Search resumes for missing plane of Cardiff striker Sala
Emiliano Sala is feared dead after two days of fruitless searches |
The light aircraft carrying the Argentine striker, who signed for Cardiff City at the weekend, disappeared from radar around 20 kilometres (12 miles) north of Guernsey on Monday night.
"We are commencing a coastal search," Guernsey police said on Twitter, noting a search plane was being deployed.
Multiple aircraft, including from Britain and France, and lifeboats were used on Tuesday and Wednesday.
"The water is very cold at the moment, the sea conditions are very rough out there, the wind is very strong," John Fitzgerald, chief officer of Channel Island Air Search, told AFP on Wednesday.
"I think even the most hardened person out there -- they'd have to be really tough to survive those conditions for the length of time that they'd been there."

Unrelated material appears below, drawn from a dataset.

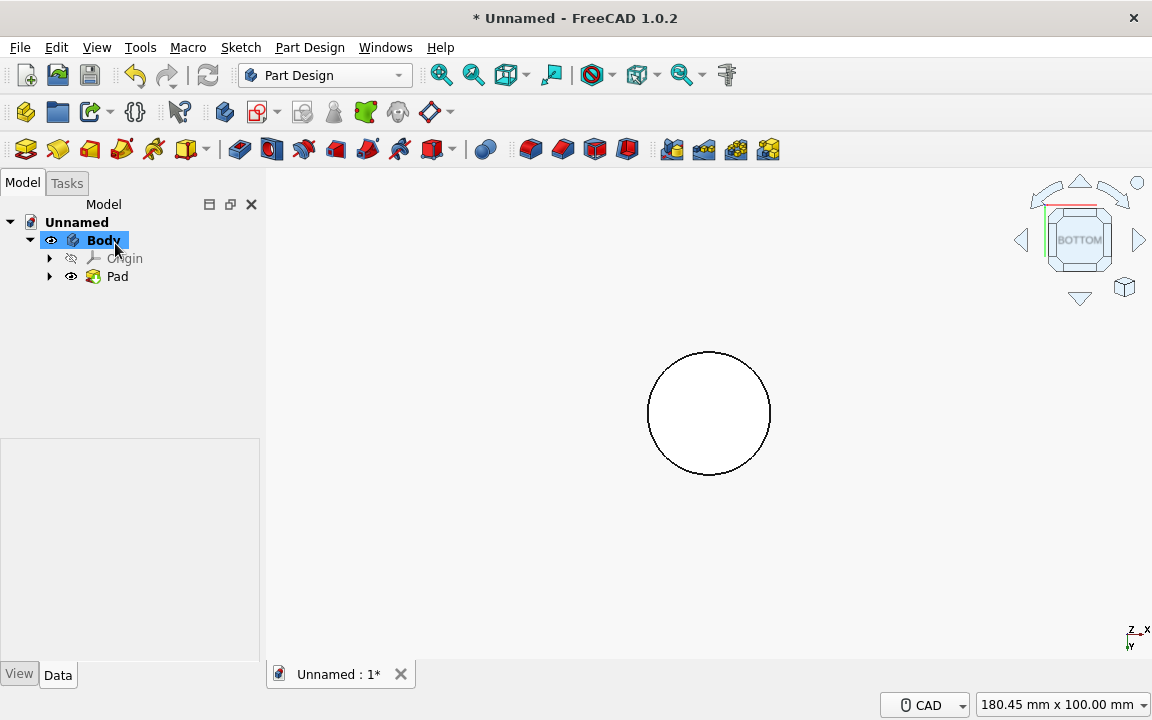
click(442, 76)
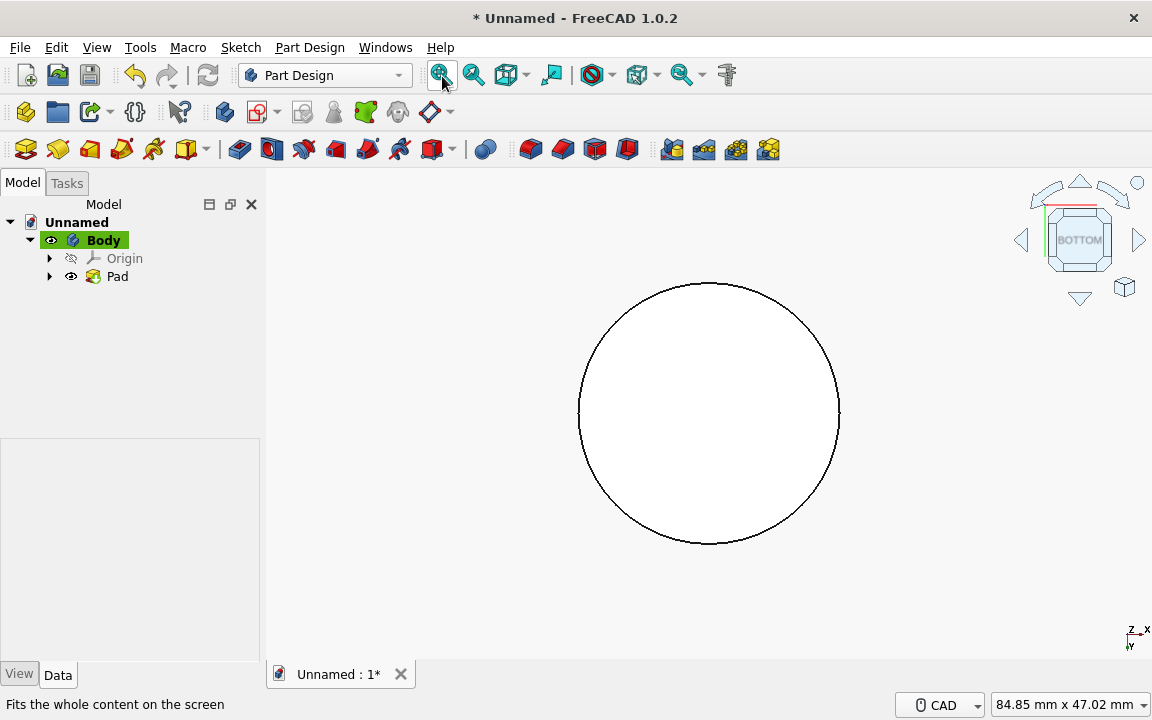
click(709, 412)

Sala, who signed on Saturday from French club Nantes for a reported fee of 17 million euros ($19.3 million), was flying to Cardiff in a single-engine Piper PA-46 Malibu aircraft.

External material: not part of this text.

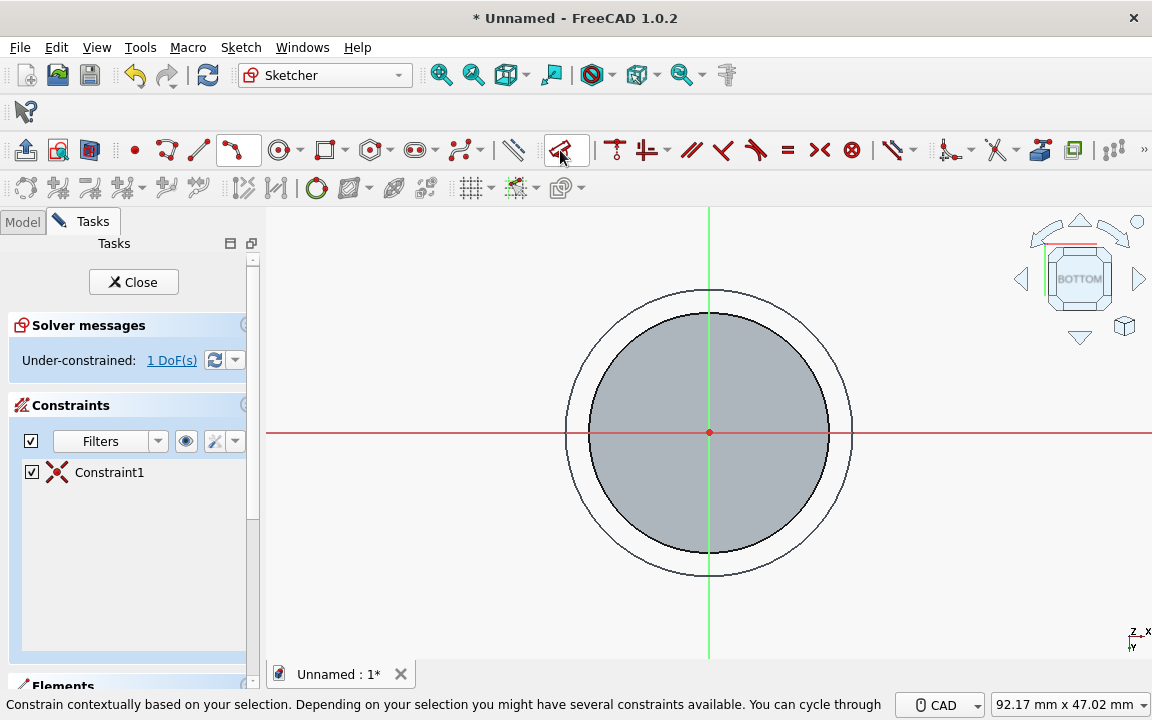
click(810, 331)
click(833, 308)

Britain's Air Accidents Investigation Branch (AAIB), which is probing the disappearance, said the plane was registered in the United States.
It has emerged the Argentine footballer expressed concerns about the jet on the flight, according to an audio message sent to friends and relatives.
"I'm on a plane that looks like it's going to fall apart," the 28-year-old said in a rambling WhatsApp audio message from on board.
- 'Floating objects' -
Two days of searches covering a swathe of the Channel around Guernsey -- which sits off the north coast of France -- led to sightings of "a number of floating objects in the water", police have previously said.
The Guernsey coastguard on Wednesday named the pilot, the only other person in the plane, as David Ibbotson.
British media said he was a 60-year-old married father of three and lived in Scunthorpe in northern England.
Nantes fans held a vigil in the French city in support of Sala on Tuesday |
"I can say to you categorically that the plane had nothing to do with Cardiff City," he responded Wednesday.
Dalman said the club had offered to pay for his flight but Sala had "made his own arrangements".
"I can't tell you who arranged the flight because I don't know."
In Sala's Argentine hometown of Progreso, his father Horacio told the press on Tuesday that as "the hours go by and I don't know anything, it makes me fear the worst".
The striker, who had been at Nantes since 2015 and had scored 13 goals in all competitions this season, had signed a three-and-a-half-year contract with relegation-threatened Cardiff subject to receiving international clearance.
The club called off Tuesday's training session, and stunned supporters laid flowers and scarves outside the club's stadium.